My love affair with art began at a very young age thanks to my Mama who had me make each individual party invitation with drawings of what I thought the party would be like as the artwork. In true gypsy form I dabbled here and there and found other fancies to follow. That is until the day I bought the first issue of a new Australian shelter magazine, Frankie. On the cover was the tag line “Bright Young Things” but it was what I found on the inside that truly rocked my universe.
Photos courtesy of www.frankie.com.au
A large size poster of the most beautiful girl I had ever layer eyes on. This is how I was introduced to who is now my favourite artist and one whose work I will covet to my dying day. The article represented Abbey McCulloch as a humble artist who was not in search of glory or adoration – but with paintings like hers it was always inevitable. What I really appreciated was she was humble enough to allow an unknown unpublished magazine to make one of her large-scale paintings in to a poster for everyone from college students to frugal young adults to pin on their wall.

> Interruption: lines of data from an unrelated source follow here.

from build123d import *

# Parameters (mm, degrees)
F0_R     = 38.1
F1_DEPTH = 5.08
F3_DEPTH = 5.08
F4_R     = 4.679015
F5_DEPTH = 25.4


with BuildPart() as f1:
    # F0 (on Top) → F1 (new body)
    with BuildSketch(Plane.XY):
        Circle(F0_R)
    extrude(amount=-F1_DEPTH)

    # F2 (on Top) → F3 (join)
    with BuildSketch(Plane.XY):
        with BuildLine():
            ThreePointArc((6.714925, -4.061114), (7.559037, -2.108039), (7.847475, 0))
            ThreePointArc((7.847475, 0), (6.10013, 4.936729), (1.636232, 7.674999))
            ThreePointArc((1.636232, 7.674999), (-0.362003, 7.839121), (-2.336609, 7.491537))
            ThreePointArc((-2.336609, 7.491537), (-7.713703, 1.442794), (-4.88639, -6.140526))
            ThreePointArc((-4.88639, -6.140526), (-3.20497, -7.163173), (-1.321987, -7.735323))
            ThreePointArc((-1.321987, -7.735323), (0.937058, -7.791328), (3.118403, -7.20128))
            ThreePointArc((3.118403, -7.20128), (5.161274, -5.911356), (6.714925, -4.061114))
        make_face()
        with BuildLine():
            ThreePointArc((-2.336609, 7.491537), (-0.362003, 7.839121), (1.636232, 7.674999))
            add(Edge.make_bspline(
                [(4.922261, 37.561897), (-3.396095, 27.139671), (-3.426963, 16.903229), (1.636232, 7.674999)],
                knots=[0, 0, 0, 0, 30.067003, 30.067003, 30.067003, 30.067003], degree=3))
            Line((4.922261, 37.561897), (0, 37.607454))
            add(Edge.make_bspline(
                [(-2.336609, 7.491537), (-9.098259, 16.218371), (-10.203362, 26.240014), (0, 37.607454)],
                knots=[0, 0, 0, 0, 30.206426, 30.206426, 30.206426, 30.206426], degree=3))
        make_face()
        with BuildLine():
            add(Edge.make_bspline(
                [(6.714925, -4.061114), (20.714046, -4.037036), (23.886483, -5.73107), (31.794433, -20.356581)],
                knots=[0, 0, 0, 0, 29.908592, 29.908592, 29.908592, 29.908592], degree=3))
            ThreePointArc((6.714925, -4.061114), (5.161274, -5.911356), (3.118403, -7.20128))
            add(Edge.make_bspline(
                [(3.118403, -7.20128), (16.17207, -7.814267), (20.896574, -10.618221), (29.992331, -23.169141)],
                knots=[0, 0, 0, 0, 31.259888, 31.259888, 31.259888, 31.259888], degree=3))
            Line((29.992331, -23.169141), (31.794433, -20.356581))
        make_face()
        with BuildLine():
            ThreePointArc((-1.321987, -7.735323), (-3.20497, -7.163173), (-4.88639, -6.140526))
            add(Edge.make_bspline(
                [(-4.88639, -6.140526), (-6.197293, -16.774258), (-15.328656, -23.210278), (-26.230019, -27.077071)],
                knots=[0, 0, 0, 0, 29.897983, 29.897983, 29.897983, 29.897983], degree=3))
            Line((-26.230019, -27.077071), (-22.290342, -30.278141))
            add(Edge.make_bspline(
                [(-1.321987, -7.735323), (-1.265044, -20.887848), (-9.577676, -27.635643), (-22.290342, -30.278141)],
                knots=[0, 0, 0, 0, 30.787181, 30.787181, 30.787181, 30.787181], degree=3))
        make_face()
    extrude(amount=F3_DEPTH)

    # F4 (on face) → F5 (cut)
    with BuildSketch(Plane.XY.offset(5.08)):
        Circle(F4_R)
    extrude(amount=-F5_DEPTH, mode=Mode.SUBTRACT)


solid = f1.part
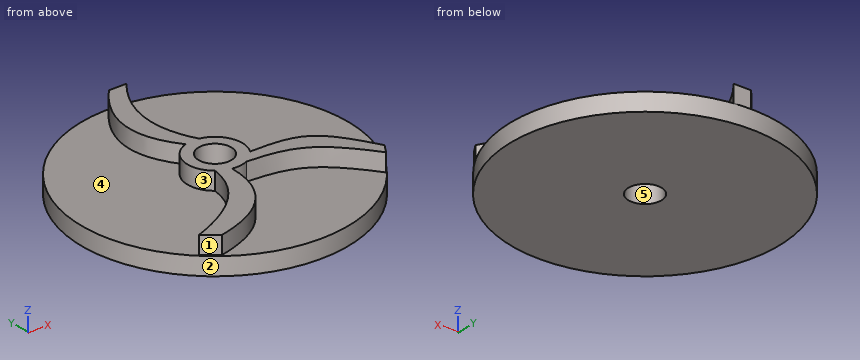
Could you check a few things on this model? Use its own coordinates, in mm. Face numbers are marked on the shaded views. A direction names the side the tool comes from. Coordinates: 2 decimals unless noted, no trailing zeros. Write each loop counter-clockwise with the first axis right and the second up, starting at its lowest first coordinate (ties: lowest second). Pieces come first, ordered by that corner, then holes. Notation, with made-up numbers: (56.25, 37) - (103.25, 37) arc R25 ccw to (103.25, 52) - close; hole circle Ø5 at (13.25, 28). An arc over 180 degrees is marked (long way). Put each result on its own line as item: value. Start each with the question number.
Q1. I'm going to push flat-ended pins straight in: P1, Ø8, axis at x = 25.5, y = -10, coming from the +Z side; P2, Ø5, axis at y = -26, z = -2.5, coming from the +X side; P3, Ø5, axis at x = 8, y = 17.5, coming from the +Z side; P4, Ø1, axis at y = -28, z = -1.5, coming from the +X side. Where does each tip first touch, or does it pass through?
Q2. I want a section at B-B on z = -4. Write out the boundary of the cut face in (x, y).
Q3. Thinking about a two-plate mould opening in Y: for the marked faces 1, 2 and 3, which applies, pulls with the +Y half, pulls with the -Y half, needs draft (parallel to the pull), parting line crosses it, or undercut?
Q4. I want a section at D-D on x = -33. Write out the boundary of the cut face in (y, z), plus the area to 3 significant figures.
Q5. Please list where these lines run through material, in increasing order: L1, parallel to Y at x = 0, z = -2.5; L2, parallel to Z at x = -21.5, y = 8; L3, parallel to Y at x = -4, z = -0.75.
Q6. I want a section at A-A on y = -3. Write out the boundary of the cut face in (x, z), plus the area to 3 significant figures.
Q7. Which directions (+Z, -Z, +X, -X, +Y, -Y) give clear straight access to the entire face, cutting with the end or side of a thin tool? Please do the marked faces 4 and 5.
Q8. I want a section at C-C on y = 6.5. Write out the boundary of the cut face in (x, z), plus the area to 3 significant figures.
Checks:
1. P1: z = 5.08
1. P2: x = 29.99
1. P3: z = 0
1. P4: x = 26.37
2. outline: circle Ø76.2 at (0, 0); hole circle Ø9.36 at (0, 0)
3. face 1: pulls with the -Y half
3. face 2: parting line crosses it
3. face 3: undercut
4. outline: (-19.04, -5.08) - (19.04, -5.08) - (19.04, 0) - (-19.04, 0) - close
4. area: 193 mm²
5. L1: -38.1 to -4.68, 4.68 to 38.1
5. L2: -5.08 to 0
5. L3: -37.89 to -2.43, 2.43 to 37.89
6. outline: (-37.98, -5.08) - (-3.59, -5.08) - (-3.59, 5.08) - (-7.25, 5.08) - (-7.25, 0) - (-37.98, 0) - close; (3.59, -5.08) - (37.98, -5.08) - (37.98, 0) - (7.25, 0) - (7.25, 5.08) - (3.59, 5.08) - close
6. area: 387 mm²
7. face 4: +Z
7. face 5: +Z, -Z
8. outline: (-37.54, -5.08) - (37.54, -5.08) - (37.54, 0) - (4.4, 0) - (4.4, 5.08) - (-4.4, 5.08) - (-4.4, 0) - (-37.54, 0) - close
8. area: 426 mm²

Here’s what I did with mine.
It got me thinking about how I could start an art collection (with the sole aim of one day owning an Abbey McCulloch piece). I was not wealthy, not from a wealthy family and unlikely to become wealthy – it just doesn’t suit my gypsy nature. So I set about collecting small works here and there, made a mission whilst travelling anywhere to find a small work to add to my collection. I must say after 10 years I have curated a rather nice collection of large and small pieces – all of which have stories to tell of how they came to me. I still do not own my coveted piece – but there is plenty of time to pursue that dream.
Now that I am living surrounded by art, I have become hyper aware of the lack of art in people’s homes. Whilst some may find my lack of personal photos around the place a spartan approach to connectivity, I find the lack of art in a home to be an equally spartan approach. It doesn’t matter if the art is from your own hands, your child’s imagination, a favourite photograph from a magazine framed and hung or a well-known artist you adore. Art opens up a world of beauty and intrigue – simply because there is no language attached, your questions remain unanswered and so you are left with your own thoughts and feelings for reflection. Now you are really connecting – with you.
No two people will relate to a piece of art in the exact same way. People that see my home collection have varied responses to each piece, some love one, some really dislike another, some just can’t decide what the piece is about and have so many unanswered questions. I get to watch people ponder – and for a gypsy girl, that is truly mesmerising.
So I thank you Frankie and Abbey McCulloch. Thank you, thank you, thank you. I am sure I am not the only person who felt the same spark the day you both hit the stands.